Clash of Two Distinct Laws Enacted Nearly Two and a Half Decades Apart, Addressing Diverse Issues from Different Epochs

Internal Controls, SOX, and the FCPA: Could They Be Pelagic Twins?
Internal Controls, SOX, and the FCPA: Could They Be Pelagic Twins?

Internal Controls and their Relationship with FCPA and SOX: Two Separate Entities or Close Kin?

The Foreign Corrupt Practices Act (FCPA), passed in 1977, was a response to U.S. companies' use of bribery and corruption to secure business outside the U.S. Fast forward to 2002, the Sarbanes-Oxley Act (SOX) was enacted in response to financial fraud committed by companies such as Enron and WorldCom. Both laws, despite their distinct origins, have developed a close connection, particularly in their emphasis on robust internal controls and corporate accountability.

The FCPA, initially focused on public companies instituting effective internal controls to prevent bribes and hold executives accountable, has evolved to a degree. The Securities and Exchange Commission (SEC) may have interpreted the FCPA's "reasonable assurances" standard as requiring internal controls that demonstrate no bribery and corruption have occurred as an affirmative finding. This interpretation could necessitate internal controls to be robust enough to demonstrate that no bribery and corruption has occurred.

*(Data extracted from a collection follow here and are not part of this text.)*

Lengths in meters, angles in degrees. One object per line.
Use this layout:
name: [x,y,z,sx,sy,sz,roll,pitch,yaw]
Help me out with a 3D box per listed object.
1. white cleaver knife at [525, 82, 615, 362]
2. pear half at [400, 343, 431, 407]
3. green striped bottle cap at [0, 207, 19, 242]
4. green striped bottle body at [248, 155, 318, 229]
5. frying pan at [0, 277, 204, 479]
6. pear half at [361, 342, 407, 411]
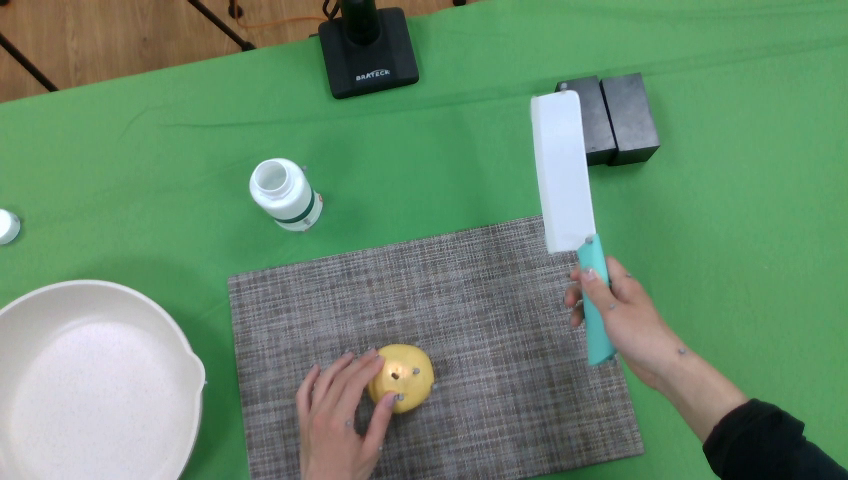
white cleaver knife: [0.149,-0.016,0.623,0.065,0.021,0.286,-8,90,44]
pear half: [-0.008,0.150,0.679,0.031,0.088,0.070,-6,72,1]
green striped bottle cap: [-0.544,-0.021,0.773,0.044,0.020,0.044,0,76,2]
green striped bottle body: [-0.169,-0.058,0.722,0.063,0.120,0.063,0,75,2]
frying pan: [-0.363,0.282,0.651,0.307,0.103,0.484,-16,68,-2]
pear half: [-0.044,0.150,0.669,0.056,0.110,0.076,-6,72,1]

On the other hand, SOX §404 requires a company not only to acknowledge its responsibility for establishing and maintaining a system of internal controls and procedures for financial reporting and an assessment, but also to report on the effectiveness of the company's internal controls. Sections 302 and 404 of SOX require corporate executives to state their responsibility for designing internal controls, to create such controls, to assess and evaluate these controls, and to draw conclusions about their effectiveness.

The SEC's order against Smith & Wesson in 2014 highlighted this evolution. The order stated that Smith & Wesson failed to devise and maintain sufficient internal controls with respect to its international sales operations, despite no evidence of the payment of bribes by the company to obtain or retain business. The SEC's order against Smith & Wesson did not require the company to admit or deny any of the allegations made against it, only to consent to the entry of the order.

The close connection between the FCPA and SOX regarding internal controls has evolved beyond the original legislative intent. Both laws now emphasize stringent internal control requirements and corporate accountability, extending their scope and enforcement in ways that exceed lawmakers' initial expectations.

Professor Stephen Bainbridge has questioned how a company like Wal-Mart could provide a positive assessment of their internal controls in light of problems reported in their Mexico subsidiary operations. This raises questions about the effectiveness of these stringent internal control requirements and whether they are truly preventing corruption and fraud.

The SEC's interpretation of the FCPA may not have been what Congress intended when the act was passed in 1977. However, it is clear that the focus on internal controls has become a cornerstone of both the FCPA and SOX, shaping corporate behaviour and financial reporting practices in significant ways.